Virgin Australia’s former chief executive, Jayne Hrdlicka, has left the airline with a substantial financial package exceeding $50 million. This revelation, detailed in the group’s annual report released on Friday, has sparked considerable debate within the aviation industry and beyond.
Hrdlicka, who took the helm of Virgin Australia shortly after its financial collapse in 2020 due to the pandemic, stepped down in March, just months before the airline’s successful relisting on the Australian Securities Exchange (ASX) in June. Her departure package includes cash payments exceeding $20 million, with $18.4 million earmarked as short-term incentives payable this month. Additionally, she received 10.244 million shares as part of a 2021 management equity plan, valued at $29.7 million during the airline’s public float, now worth approximately $33 million.
Industry Reactions and Comparisons
The payout has been met with criticism from various quarters, including the Transport Workers’ Union. Michael Kaine, the union’s national secretary, expressed outrage, stating,
“What is eye-watering to the average aviation worker, as well as the Australian public, is the near-$50 million pay packet now handed out to former CEO Jayne Hrdlicka.

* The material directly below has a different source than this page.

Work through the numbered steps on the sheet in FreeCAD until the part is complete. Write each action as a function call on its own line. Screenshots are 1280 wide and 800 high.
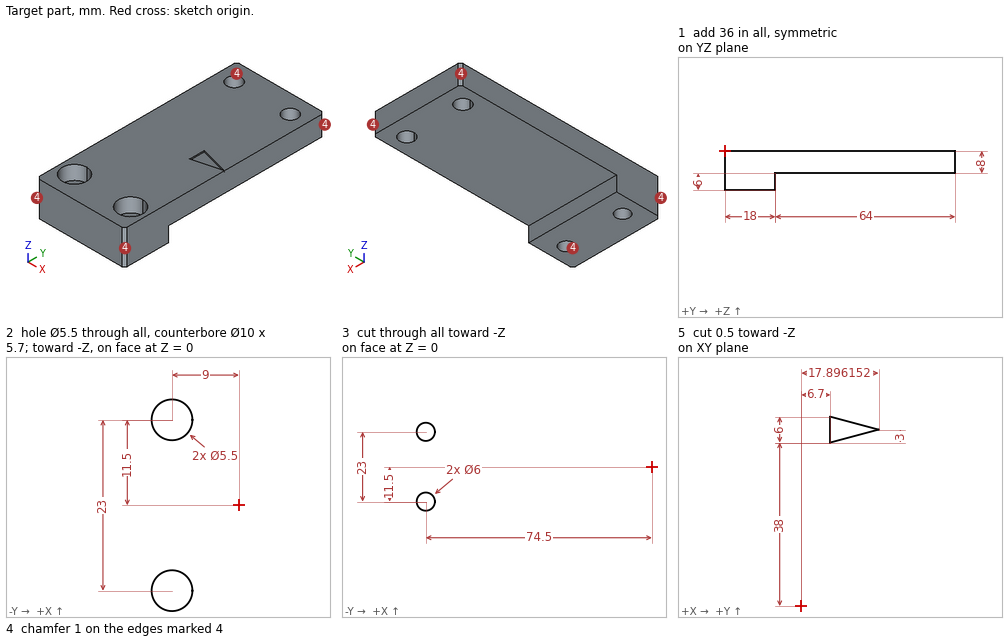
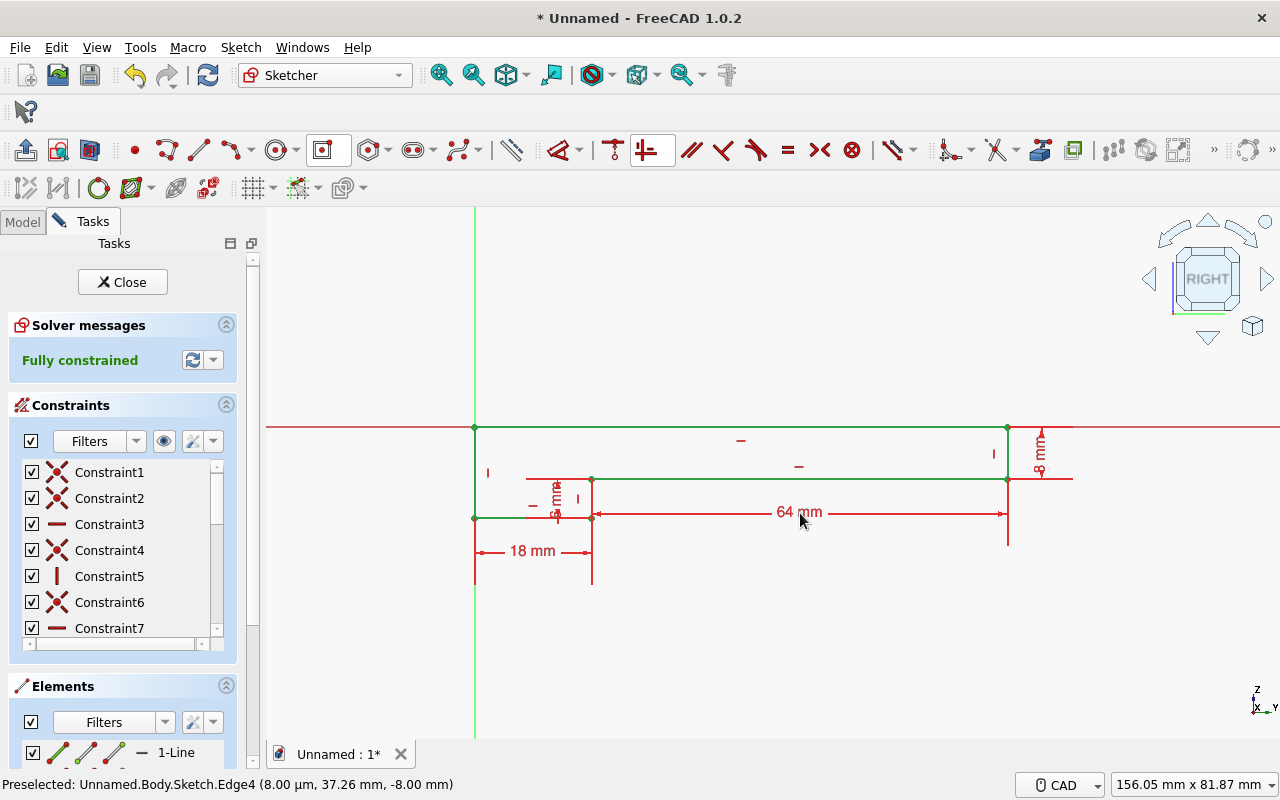
click(123, 282)
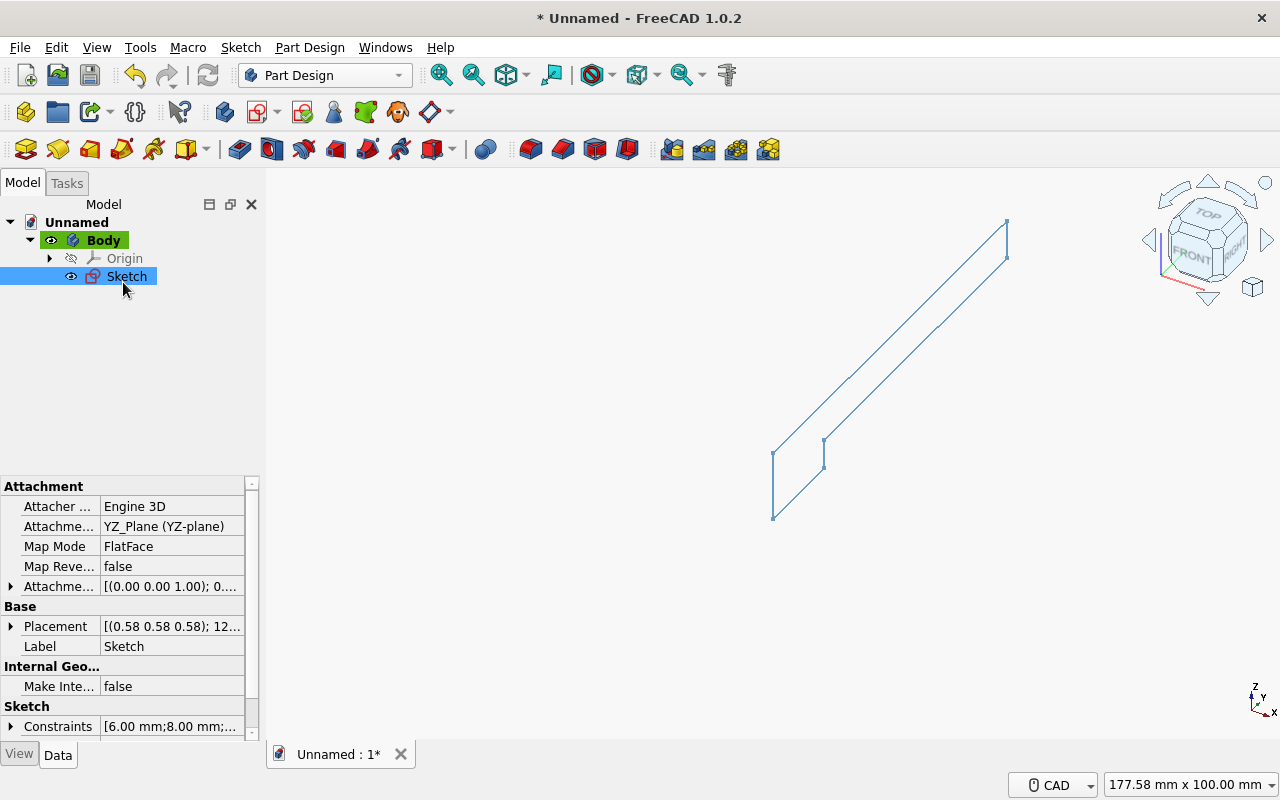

We cannot continue to see CEOs and executives in aviation pocket obscene salaries while the industry is at breaking point.”
In stark contrast, other airline executives have received significantly lower compensation. Cathay Pacific’s chief executive, Ronald Lam Siu-por, earned $HK14.15 million ($2.76 million), including bonuses, last year. Similarly, British Airways’ Sean Doyle received £1.5 million ($3 million) in remuneration for 2022/23, while Singapore Airlines’ Goh Choon Phong was paid $S7 million ($8.2 million) for the latest financial year.
The Role of Private Equity and Future Implications
Hrdlicka’s lucrative incentives are typical of the bonuses offered by private equity owners like Bain Capital, which rescued Virgin Australia from administration and reduced its stake during the public sale. Her shares remain subject to escrow conditions, with release scheduled between February next year and August 2027.
Despite her significant contributions, including leading the airline out of voluntary administration and forging a strategic partnership with Qatar Airways, Hrdlicka was notably absent from acknowledgments in the annual report’s letter to shareholders by chairman Peter Warne and her successor, Dave Emerson. The report, however, credits her with transforming Virgin Australia into a profitable and sustainable business.
Comparative Analysis with Qantas
Hrdlicka’s departure contrasts sharply with that of her former boss at Qantas, Alan Joyce. Following a board-commissioned review, the Qantas board docked over $9 million from Joyce’s final pay for the 2024 financial year. He received $15 million for his last year at the helm, alongside an additional $3.8 million in shares last year.
New Challenges Ahead
Moving forward, Hrdlicka is set to take on a new challenge as the chief executive of Endeavour, a major player in the liquor, pubs, and pokies industry. Her appointment, announced a month after leaving Virgin, follows the sudden resignation of Endeavour’s executive chairman, Ari Mervis, due to a boardroom disagreement. Hrdlicka is scheduled to begin her role in January, with a compensation package including a $2 million annual salary, up to $3 million in short-term bonuses, and $4 million in long-term incentives.
As the aviation industry continues to navigate post-pandemic challenges, the debate over executive compensation remains a contentious issue, raising questions about equity and sustainability in corporate governance.